What appears to be romantic tension in fan analyses is, in the writing, a relationship of mutual coercion. Beth makes counterfeit money because Rio forces her to. Rio tolerates Beth because she possesses a skill set that he cannot easily replace. Each needs the other while actively seeking to get rid of them.
The Lucy Question: A Turning Point in the Season
The narrative arc of Lucy, the graphic designer who helps Beth perfect the counterfeit bills, illustrates the brutality of this dynamic. When Lucy becomes a risk, Rio eliminates her. This event marks a point of no return for Beth, who realizes that Rio’s violence spares no one in his circle.
This murder complicates any purely romantic reading of their bond. The writers use it as a reminder: Beth’s fascination with Rio has deadly consequences for third parties.
Critical Reception vs. Fandom Reading of the Beth-Rio Relationship
Season 3 has created a notable gap between two readings of the series. On one side, the fan community on Tumblr, Reddit, and Twitter continues to largely “ship” Beth and Rio, interpreting each shared scene as evidence of mutual feelings. On the other side, several American critics have described their dynamic as “fatiguing” or “repetitive” from this season onward.
Critics pointed out a structural problem:
- Beth does not seem to evolve or learn from her interactions with Rio, making the repetition of the attraction-danger-flee pattern less convincing as the episodes progress
- Rio remains a psychologically underdeveloped character, functioning more as a catalyst for tension than as a fully-fledged narrative partner
- The network format (42-minute episodes, long season) dilutes significant confrontations within secondary plots that occupy an increasing share of screen time
These elements, documented in cross-interviews from TV Guide and The Hollywood Reporter’s TV’s Top 5 podcast, strongly nuance the idea of a simple thwarted love.

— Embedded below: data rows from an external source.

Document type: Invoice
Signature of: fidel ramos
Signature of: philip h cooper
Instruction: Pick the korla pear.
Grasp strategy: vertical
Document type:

Season 3 Cut Short: The Effect of COVID on the Beth-Rio Arc
Season 3 of Good Girls was supposed to have more episodes. The pandemic interrupted production, and the season ended after a reduced number of episodes. This industrial constraint, detailed by Jenna Bans in Variety, had a direct impact on the resolution (or lack thereof) of the Beth-Rio arc.

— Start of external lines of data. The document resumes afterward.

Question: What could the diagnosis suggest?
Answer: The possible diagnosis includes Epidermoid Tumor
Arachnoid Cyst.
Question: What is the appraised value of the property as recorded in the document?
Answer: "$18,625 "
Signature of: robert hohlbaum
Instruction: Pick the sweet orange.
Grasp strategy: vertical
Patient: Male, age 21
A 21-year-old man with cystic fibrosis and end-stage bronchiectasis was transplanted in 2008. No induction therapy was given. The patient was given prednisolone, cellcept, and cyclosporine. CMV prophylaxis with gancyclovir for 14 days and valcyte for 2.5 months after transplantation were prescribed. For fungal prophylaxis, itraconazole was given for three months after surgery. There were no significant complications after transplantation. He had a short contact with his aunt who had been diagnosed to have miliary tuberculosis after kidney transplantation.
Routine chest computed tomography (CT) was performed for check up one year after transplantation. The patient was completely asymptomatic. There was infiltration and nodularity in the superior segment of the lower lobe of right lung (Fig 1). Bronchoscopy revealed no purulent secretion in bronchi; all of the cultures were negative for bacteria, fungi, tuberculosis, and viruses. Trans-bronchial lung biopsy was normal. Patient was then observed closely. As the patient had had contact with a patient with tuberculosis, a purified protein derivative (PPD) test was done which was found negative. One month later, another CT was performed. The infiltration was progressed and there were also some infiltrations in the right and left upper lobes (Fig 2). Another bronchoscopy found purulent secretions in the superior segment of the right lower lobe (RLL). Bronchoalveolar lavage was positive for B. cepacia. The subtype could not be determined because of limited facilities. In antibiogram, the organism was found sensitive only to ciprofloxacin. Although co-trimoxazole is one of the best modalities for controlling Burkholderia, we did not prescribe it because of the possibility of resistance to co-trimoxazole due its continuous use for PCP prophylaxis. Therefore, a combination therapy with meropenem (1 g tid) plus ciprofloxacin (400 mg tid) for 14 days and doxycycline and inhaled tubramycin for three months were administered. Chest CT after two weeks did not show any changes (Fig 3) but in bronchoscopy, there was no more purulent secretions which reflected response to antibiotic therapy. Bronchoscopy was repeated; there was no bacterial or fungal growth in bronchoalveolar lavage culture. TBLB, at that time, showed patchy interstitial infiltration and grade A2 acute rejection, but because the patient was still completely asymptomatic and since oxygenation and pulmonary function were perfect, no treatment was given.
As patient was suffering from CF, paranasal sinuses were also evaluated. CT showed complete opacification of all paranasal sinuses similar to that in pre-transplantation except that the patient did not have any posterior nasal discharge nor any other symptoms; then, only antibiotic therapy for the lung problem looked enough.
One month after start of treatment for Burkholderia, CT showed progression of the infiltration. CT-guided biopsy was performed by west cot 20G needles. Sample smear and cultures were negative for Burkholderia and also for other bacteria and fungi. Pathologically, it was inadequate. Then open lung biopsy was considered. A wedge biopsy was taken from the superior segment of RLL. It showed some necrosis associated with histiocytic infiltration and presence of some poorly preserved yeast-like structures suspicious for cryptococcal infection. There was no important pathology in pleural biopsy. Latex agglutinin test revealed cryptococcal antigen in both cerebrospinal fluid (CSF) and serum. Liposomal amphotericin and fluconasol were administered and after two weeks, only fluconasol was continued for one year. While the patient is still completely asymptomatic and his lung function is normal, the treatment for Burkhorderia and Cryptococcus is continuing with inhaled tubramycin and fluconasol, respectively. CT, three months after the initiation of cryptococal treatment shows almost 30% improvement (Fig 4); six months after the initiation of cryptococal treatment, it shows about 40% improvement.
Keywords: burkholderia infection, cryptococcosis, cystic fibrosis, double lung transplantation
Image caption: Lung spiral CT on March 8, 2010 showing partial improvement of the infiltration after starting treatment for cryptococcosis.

Several narrative threads remain unresolved at the end of the season:
- Beth’s attempt to set up her own independent operation from Rio does not succeed
- The power dynamic between the two characters does not definitively shift to one side
- The involvement of Agent Turner and the FBI in their pursuit remains open
The feeling of incompleteness is not a narrative choice but a production accident. Viewers who found the season finale abrupt or frustrating in terms of the relationship are correct: the writers simply could not shoot the planned episodes.
Dean, Annie, Ruby, and Stan also see their respective arcs suspended, but it is the Beth-Rio dynamic that has generated the most frustration among fans, precisely because the tension built up in the early episodes never found a narrative release point. Season 4 attempted to pick up these threads, with results that critics deemed uneven.